38 Comcare submitted that Ms Hutchinson's main concern seemed to be that there was evidence that had not been taken into account. It is true that the contents of the first ground of the application leave it open to characterise Ms Hutchinson's claim as essentially one of merits review. But considering it in the context of her oral submissions and the history of her dealings with Comcare persuades me, on balance, that it should not be characterised that way. Ms Hutchinson feels aggrieved by what she says has been bias and prejudgment on Comcare's part over a long course of dealings and decisions. That feeling might turn out to have no objective foundation, but as I have explained I must proceed on the assumption that it does. Therefore, while there is some force in Comcare's concern about the futility of the matter being remitted to it for a fifth time, there may well be practical utility in findings of this court identifying occasions on which Comcare has acted in a way that displays bias or prejudgment. It must be understood, however, that I express these views tentatively for the purposes of an interlocutory application; unfettered by the assumption I have referred to, and after considering full evidence, I may well reach different conclusions at trial.
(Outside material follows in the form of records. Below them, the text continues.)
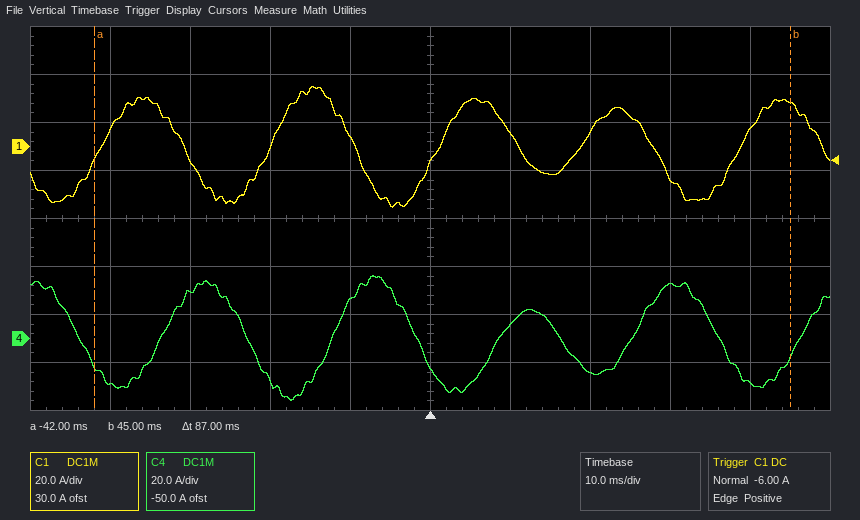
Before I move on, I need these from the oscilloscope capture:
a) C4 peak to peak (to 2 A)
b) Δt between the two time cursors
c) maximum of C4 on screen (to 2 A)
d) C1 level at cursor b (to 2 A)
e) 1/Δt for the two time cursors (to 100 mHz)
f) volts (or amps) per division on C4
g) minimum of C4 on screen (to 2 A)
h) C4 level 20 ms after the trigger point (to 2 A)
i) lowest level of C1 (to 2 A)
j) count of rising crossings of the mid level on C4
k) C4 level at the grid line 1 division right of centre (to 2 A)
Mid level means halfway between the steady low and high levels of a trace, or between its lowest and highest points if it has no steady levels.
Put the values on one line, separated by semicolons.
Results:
52 A; 87 ms; 26 A; 18 A; 11.5 Hz; 20 A; -26 A; -14 A; -26 A; 5; 6 A
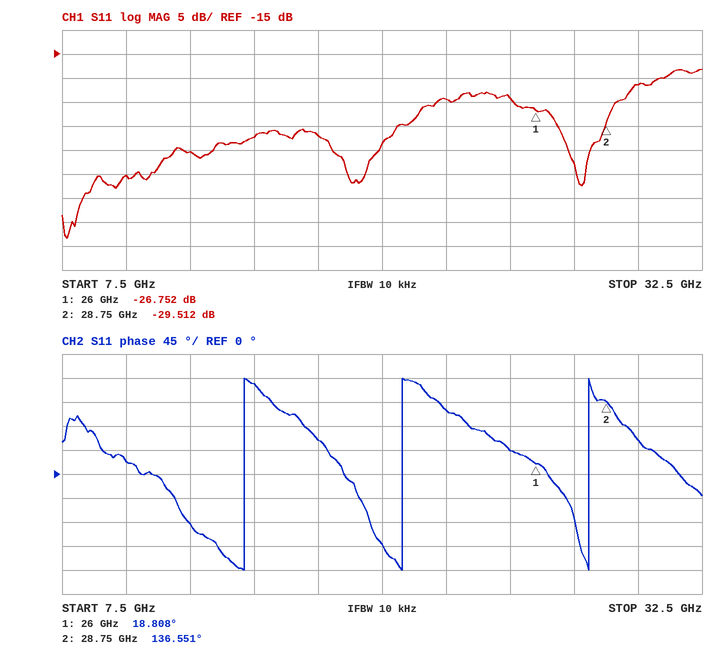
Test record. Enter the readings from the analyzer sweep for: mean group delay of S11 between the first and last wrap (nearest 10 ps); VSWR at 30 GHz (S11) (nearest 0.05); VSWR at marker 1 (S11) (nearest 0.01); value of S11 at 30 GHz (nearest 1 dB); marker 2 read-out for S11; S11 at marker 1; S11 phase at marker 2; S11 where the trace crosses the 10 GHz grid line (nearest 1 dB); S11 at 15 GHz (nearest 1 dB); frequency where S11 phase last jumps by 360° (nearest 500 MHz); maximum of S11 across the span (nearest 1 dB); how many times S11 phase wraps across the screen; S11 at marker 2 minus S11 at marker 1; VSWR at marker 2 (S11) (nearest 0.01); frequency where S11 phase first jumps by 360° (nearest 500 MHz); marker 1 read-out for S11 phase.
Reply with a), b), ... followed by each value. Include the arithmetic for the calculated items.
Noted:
a) 2 cycles / (28.0 GHz − 14.5 GHz) ≈ 148 ps, so 150 ps to the nearest 10 ps
b) |Γ| = 10^(-21/20) = 0.0891; VSWR = (1 + 0.0891)/(1 − 0.0891) ≈ 1.20
c) (1 + 0.0460)/(1 − 0.0460) ≈ 1.10
d) -21 dB
e) -29.512 dB
f) -26.752 dB
g) 136.551°
h) -40 dB
i) -32 dB
j) 28.0 GHz
k) -18 dB
l) 3
m) -29.512 − (-26.752) = -2.760 dB
n) (1 + 0.0335)/(1 − 0.0335) ≈ 1.07
o) 14.5 GHz
p) 18.808°
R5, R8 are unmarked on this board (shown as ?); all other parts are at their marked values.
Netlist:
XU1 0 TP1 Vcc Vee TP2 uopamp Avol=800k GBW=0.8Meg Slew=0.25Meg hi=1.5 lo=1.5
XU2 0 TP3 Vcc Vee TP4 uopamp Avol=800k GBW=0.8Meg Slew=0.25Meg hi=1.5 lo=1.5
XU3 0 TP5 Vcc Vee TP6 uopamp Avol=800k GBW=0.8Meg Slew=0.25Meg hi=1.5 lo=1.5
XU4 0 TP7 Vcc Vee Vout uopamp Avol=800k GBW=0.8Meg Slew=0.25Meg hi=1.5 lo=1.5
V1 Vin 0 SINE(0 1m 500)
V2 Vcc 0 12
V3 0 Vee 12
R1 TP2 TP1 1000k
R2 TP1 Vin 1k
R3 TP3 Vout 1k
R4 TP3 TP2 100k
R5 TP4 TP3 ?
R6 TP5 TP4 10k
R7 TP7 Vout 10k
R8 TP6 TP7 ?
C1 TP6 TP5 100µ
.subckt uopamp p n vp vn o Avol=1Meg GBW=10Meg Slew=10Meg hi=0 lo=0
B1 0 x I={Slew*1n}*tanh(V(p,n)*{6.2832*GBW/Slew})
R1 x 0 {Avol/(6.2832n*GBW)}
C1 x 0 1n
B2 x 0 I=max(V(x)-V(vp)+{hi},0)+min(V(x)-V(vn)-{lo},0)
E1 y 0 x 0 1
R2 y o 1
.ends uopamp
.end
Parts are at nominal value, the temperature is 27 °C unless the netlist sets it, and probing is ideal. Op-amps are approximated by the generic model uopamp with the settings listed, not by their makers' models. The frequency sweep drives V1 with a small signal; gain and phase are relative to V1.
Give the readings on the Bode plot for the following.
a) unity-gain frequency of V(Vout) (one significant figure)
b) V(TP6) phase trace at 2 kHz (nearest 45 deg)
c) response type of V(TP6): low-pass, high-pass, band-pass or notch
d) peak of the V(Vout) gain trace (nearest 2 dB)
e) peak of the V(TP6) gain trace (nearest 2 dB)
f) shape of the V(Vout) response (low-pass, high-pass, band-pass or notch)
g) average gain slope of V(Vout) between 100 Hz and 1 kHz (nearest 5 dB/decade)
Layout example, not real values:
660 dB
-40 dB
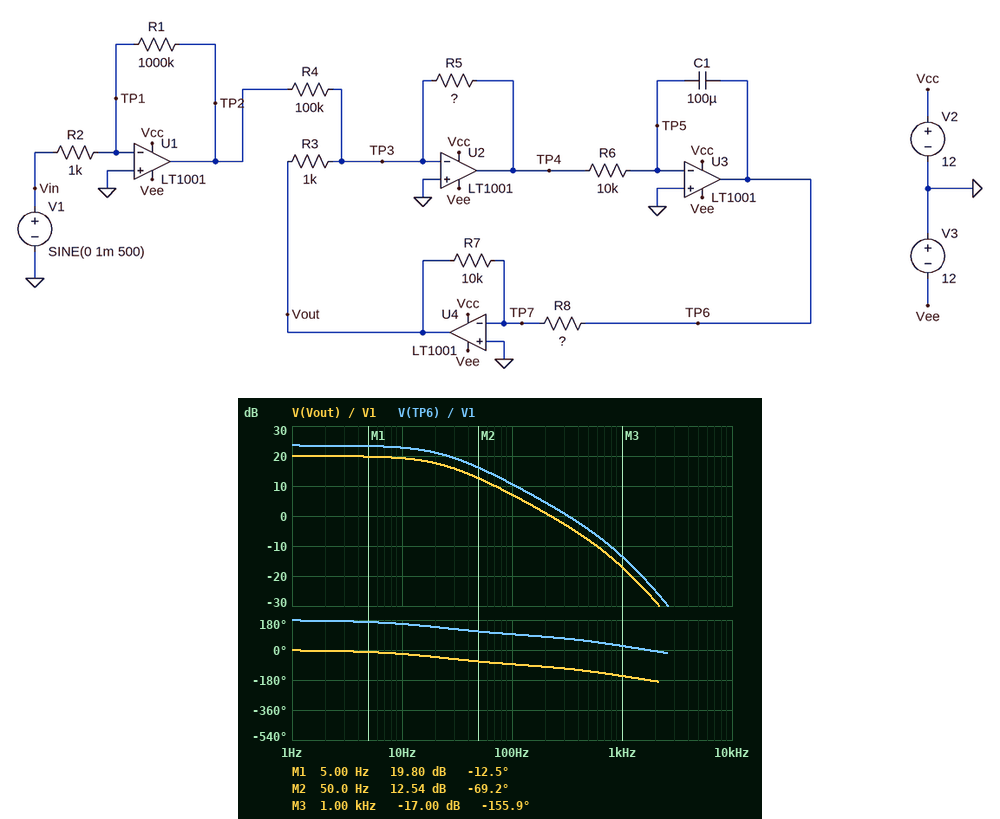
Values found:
200 Hz
0 deg
low-pass
20 dB
24 dB
low-pass
-25 dB/decade
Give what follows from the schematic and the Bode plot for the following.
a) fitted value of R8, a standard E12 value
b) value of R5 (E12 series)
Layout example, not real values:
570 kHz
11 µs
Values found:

39 Given my preliminary views, I consider that in the particular circumstances of this case, s 64 of the SRC Act together with the AAT Act do not make adequate provision for review of the decision of the delegate of 11 June 2020. Comcare did not dispute the proposition that the powers and procedures of the AAT are not adapted to make determinations about whether the delegate denied procedural fairness. In a situation where that is the substance of the relief that an applicant seeks, and there is no basis to dismiss that as colourable, I consider that the court's discretion under s 10(2)(b)(ii) is not enlivened.
40 Comcare did say, however, that if the AAT were to make an independent and impartial determination on the merits, as it can be expected to do, that would 'cure' any concerns about denial of natural justice. But I do not think it follows that the AAT review for which provision is made in the legislation is 'adequate' in the circumstances of this application. If the purpose of an application is to vindicate concerns that an applicant has about the process that the original decision maker followed, and those concerns are not incoherent or colourable, and there may be practical utility in having them vindicated in that way, then it seems to me that a different procedure that is not well adapted to achieving that vindication cannot be said to be 'adequate'.
41 There was a suggestion in Comcare's submissions that if Ms Hutchinson's purpose in making the application for reconsideration to Comcare was to procure a vehicle for her to pursue a determination in this court that Comcare had denied her procedural fairness, that could be an abuse of the process. But the process said to be abused there was the process of reconsideration by Comcare. Comcare accepted that pursuing a determination of that kind in this court was not, without more, an abuse of the process of this court, and it did not submit that any other abuse infected Ms Hutchinson's application in this proceeding.